#### WORK ITEM
Take the data below. Output it exactly from its first line through the line containing "0.100), (-9, 7, -12))".

INPUT MATERIAL: Begin

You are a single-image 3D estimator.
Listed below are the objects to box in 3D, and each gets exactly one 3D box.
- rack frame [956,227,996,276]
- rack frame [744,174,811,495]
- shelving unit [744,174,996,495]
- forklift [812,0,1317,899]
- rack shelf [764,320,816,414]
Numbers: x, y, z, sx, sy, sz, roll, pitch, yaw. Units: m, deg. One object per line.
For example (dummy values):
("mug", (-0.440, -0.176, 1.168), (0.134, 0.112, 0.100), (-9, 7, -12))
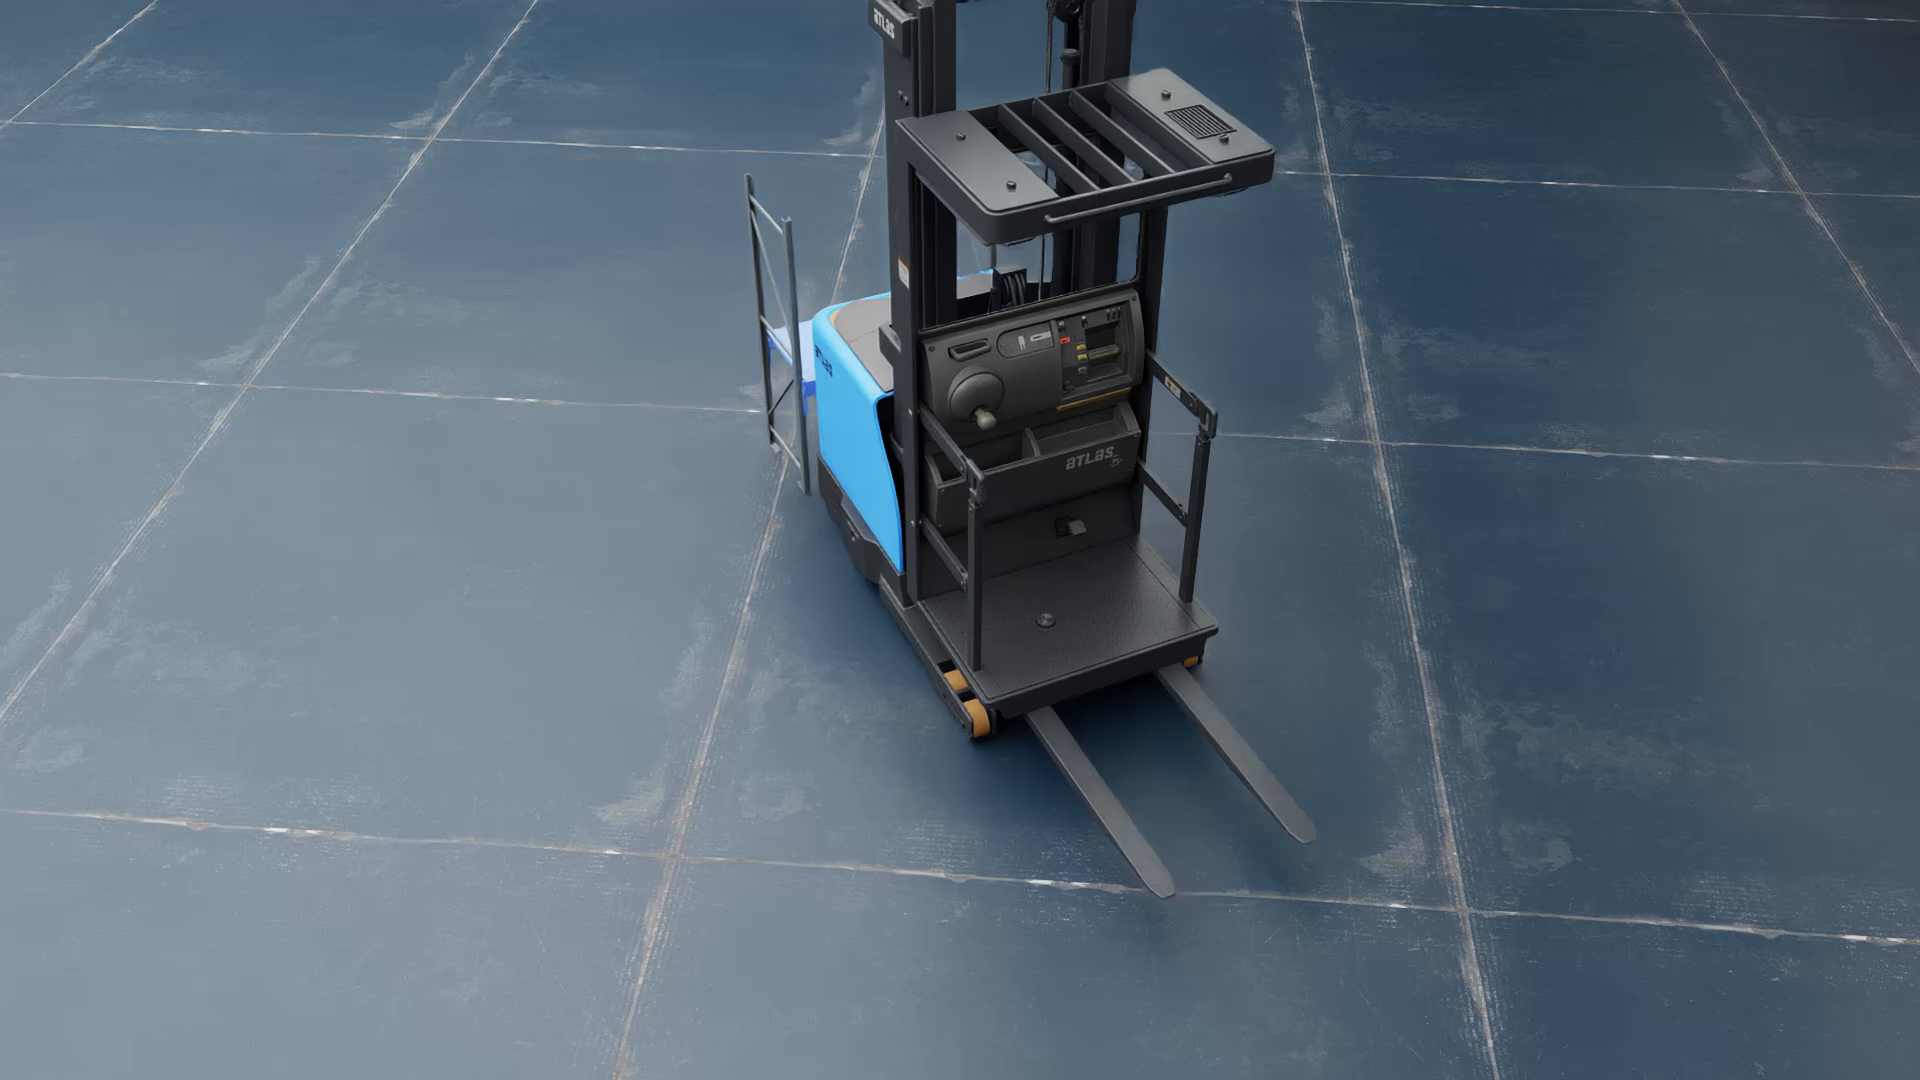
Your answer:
("rack frame", (0.045, -1.240, 8.255), (0.032, 1.500, 0.500), (-18, 42, -21))
("rack frame", (-0.861, -0.949, 7.899), (0.032, 1.500, 0.500), (-18, 42, -21))
("shelving unit", (-0.408, -1.094, 8.077), (1.048, 1.500, 0.538), (-18, 42, -21))
("forklift", (0.394, -0.628, 6.370), (1.130, 2.935, 3.031), (-16, 42, -19))
("rack shelf", (-0.408, -0.955, 8.190), (1.000, 0.185, 0.538), (-18, 42, -21))
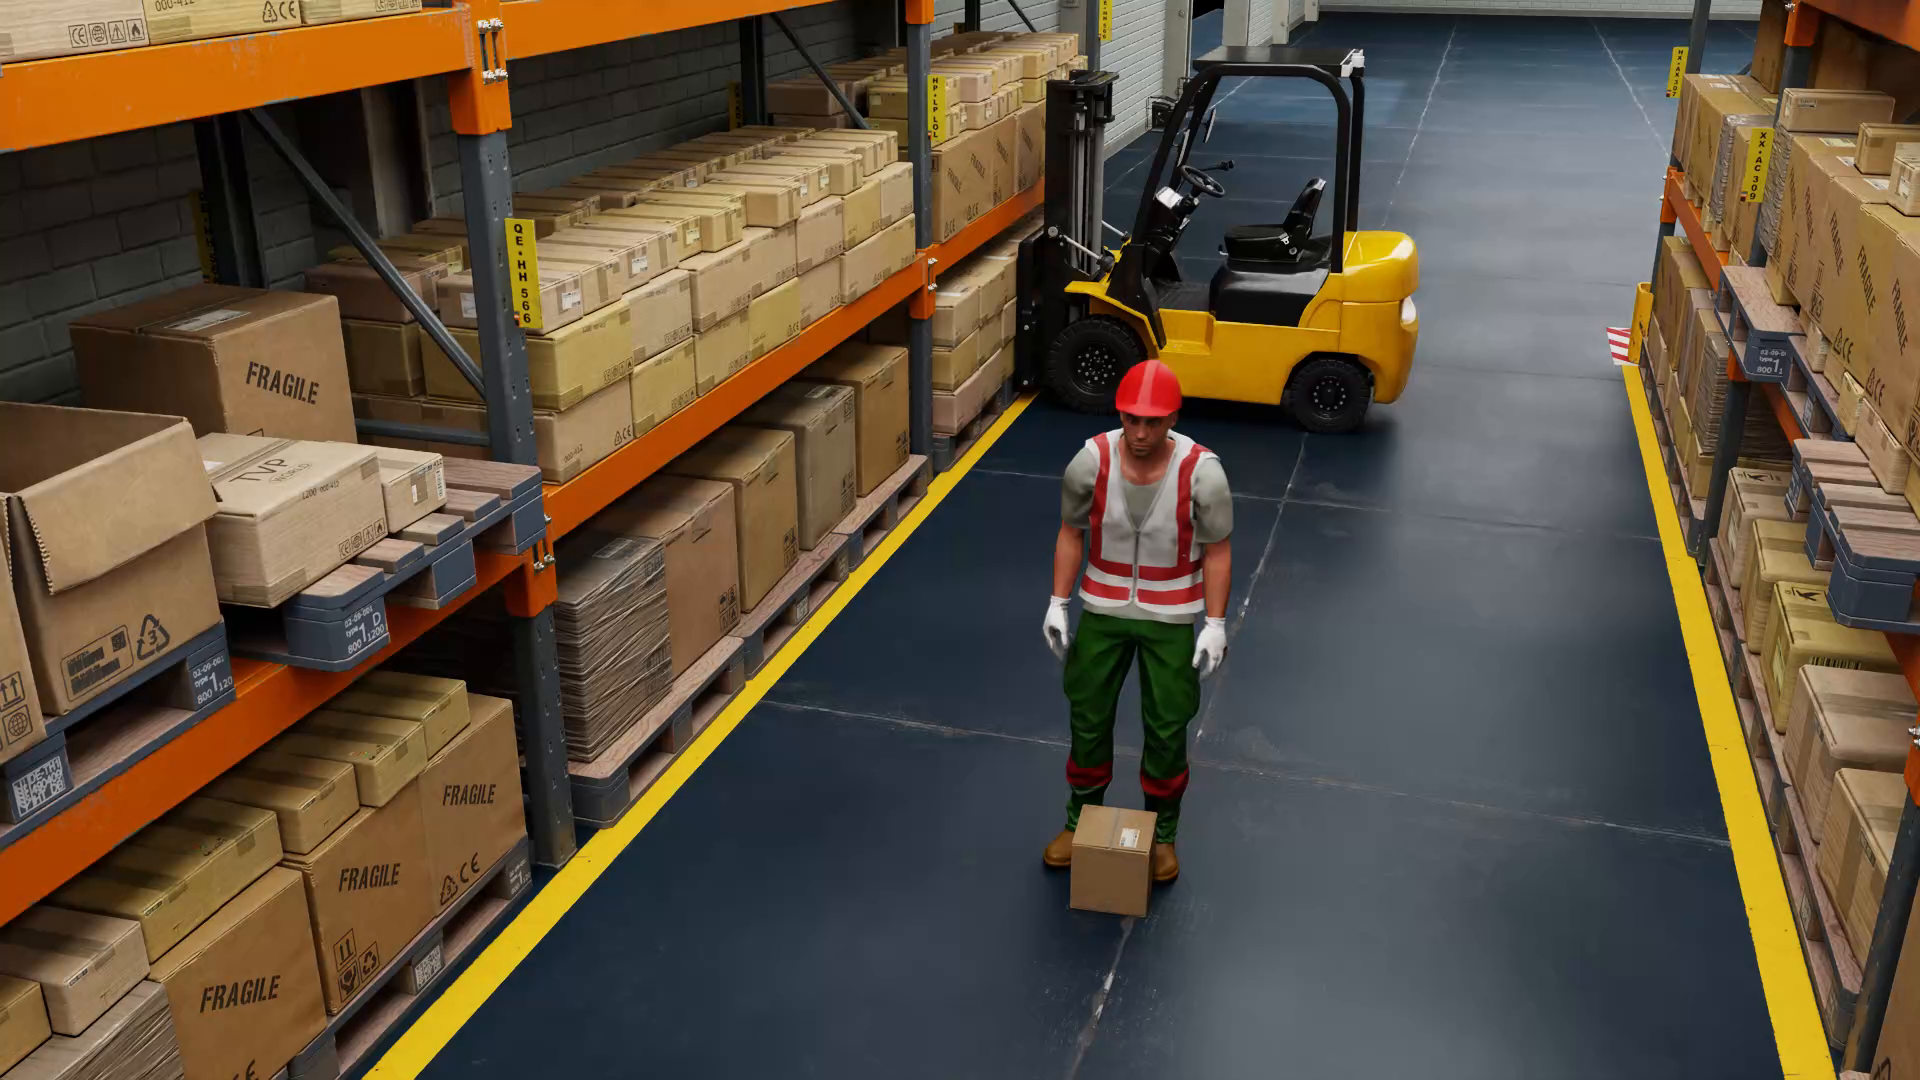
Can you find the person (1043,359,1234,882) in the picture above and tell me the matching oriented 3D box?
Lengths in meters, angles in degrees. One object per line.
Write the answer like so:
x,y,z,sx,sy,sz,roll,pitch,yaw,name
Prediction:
0.573,0.265,5.401,0.608,1.780,0.448,7,23,16,person
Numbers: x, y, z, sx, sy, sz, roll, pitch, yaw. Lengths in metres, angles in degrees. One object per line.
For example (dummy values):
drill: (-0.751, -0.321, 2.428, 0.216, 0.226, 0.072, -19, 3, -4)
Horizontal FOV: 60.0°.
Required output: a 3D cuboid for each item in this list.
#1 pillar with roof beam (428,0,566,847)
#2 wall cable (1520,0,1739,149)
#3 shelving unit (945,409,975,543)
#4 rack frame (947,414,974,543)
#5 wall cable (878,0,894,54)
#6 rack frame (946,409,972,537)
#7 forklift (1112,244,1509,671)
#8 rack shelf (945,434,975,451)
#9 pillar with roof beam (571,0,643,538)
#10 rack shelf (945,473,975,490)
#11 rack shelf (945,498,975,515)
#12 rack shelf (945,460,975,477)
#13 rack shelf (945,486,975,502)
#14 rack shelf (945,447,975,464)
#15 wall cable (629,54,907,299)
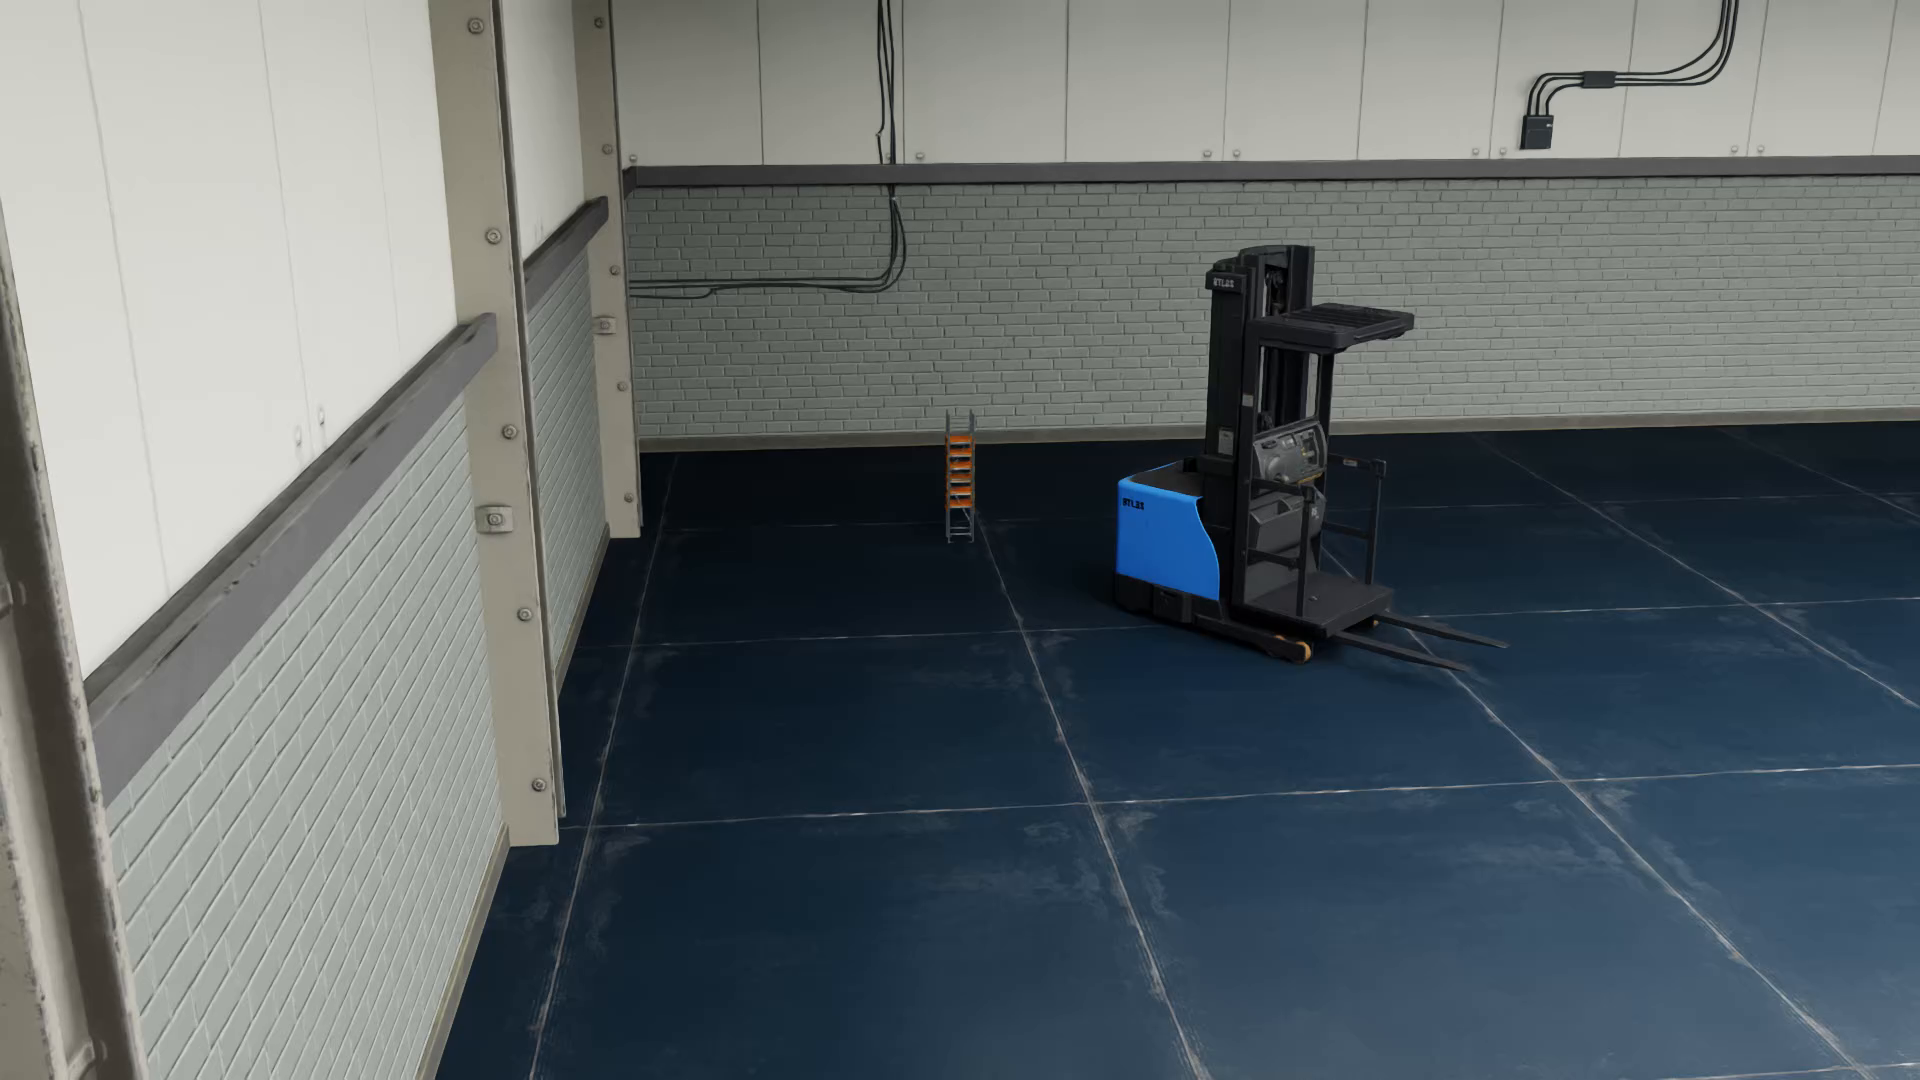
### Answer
pillar with roof beam: (1.777, -2.718, 8.885, 9.100, 9.000, 0.400, -2, 18, -6)
wall cable: (7.332, -7.203, 17.491, 2.305, 6.003, 0.169, -2, 18, -6)
shelving unit: (-0.001, -0.577, 15.084, 0.258, 1.200, 0.189, -2, 18, -6)
rack frame: (0.008, -0.549, 14.997, 0.240, 1.200, 0.006, -2, 18, -6)
wall cable: (0.579, -6.303, 17.056, 3.097, 2.526, 0.112, -2, 18, -6)
rack frame: (-0.011, -0.604, 15.171, 0.240, 1.200, 0.006, -2, 18, -6)
forklift: (2.652, -0.656, 12.446, 3.031, 2.935, 1.130, 16, 23, 41)
rack shelf: (-0.001, -0.878, 14.989, 0.258, 0.103, 0.180, -2, 18, -6)
pillar with roof beam: (1.158, -4.506, 14.579, 9.100, 9.000, 0.400, -2, 18, -6)
rack shelf: (-0.001, -0.534, 15.097, 0.258, 0.103, 0.180, -2, 18, -6)
rack shelf: (-0.001, -0.305, 15.169, 0.258, 0.103, 0.180, -2, 18, -6)
rack shelf: (-0.001, -0.649, 15.061, 0.258, 0.103, 0.180, -2, 18, -6)
rack shelf: (-0.001, -0.420, 15.133, 0.258, 0.103, 0.180, -2, 18, -6)
rack shelf: (-0.001, -0.763, 15.025, 0.258, 0.103, 0.180, -2, 18, -6)
wall cable: (-2.112, -3.810, 17.546, 3.097, 2.526, 0.112, -2, 18, -6)

INPUT MATERIAL: End

#### OUTPUT OF THE TASK
You are a single-image 3D estimator.
Listed below are the objects to box in 3D, and each gets exactly one 3D box.
- rack frame [956,227,996,276]
- rack frame [744,174,811,495]
- shelving unit [744,174,996,495]
- forklift [812,0,1317,899]
- rack shelf [764,320,816,414]
Numbers: x, y, z, sx, sy, sz, roll, pitch, yaw. Units: m, deg. One object per line.
For example (dummy values):
("mug", (-0.440, -0.176, 1.168), (0.134, 0.112, 0.100), (-9, 7, -12))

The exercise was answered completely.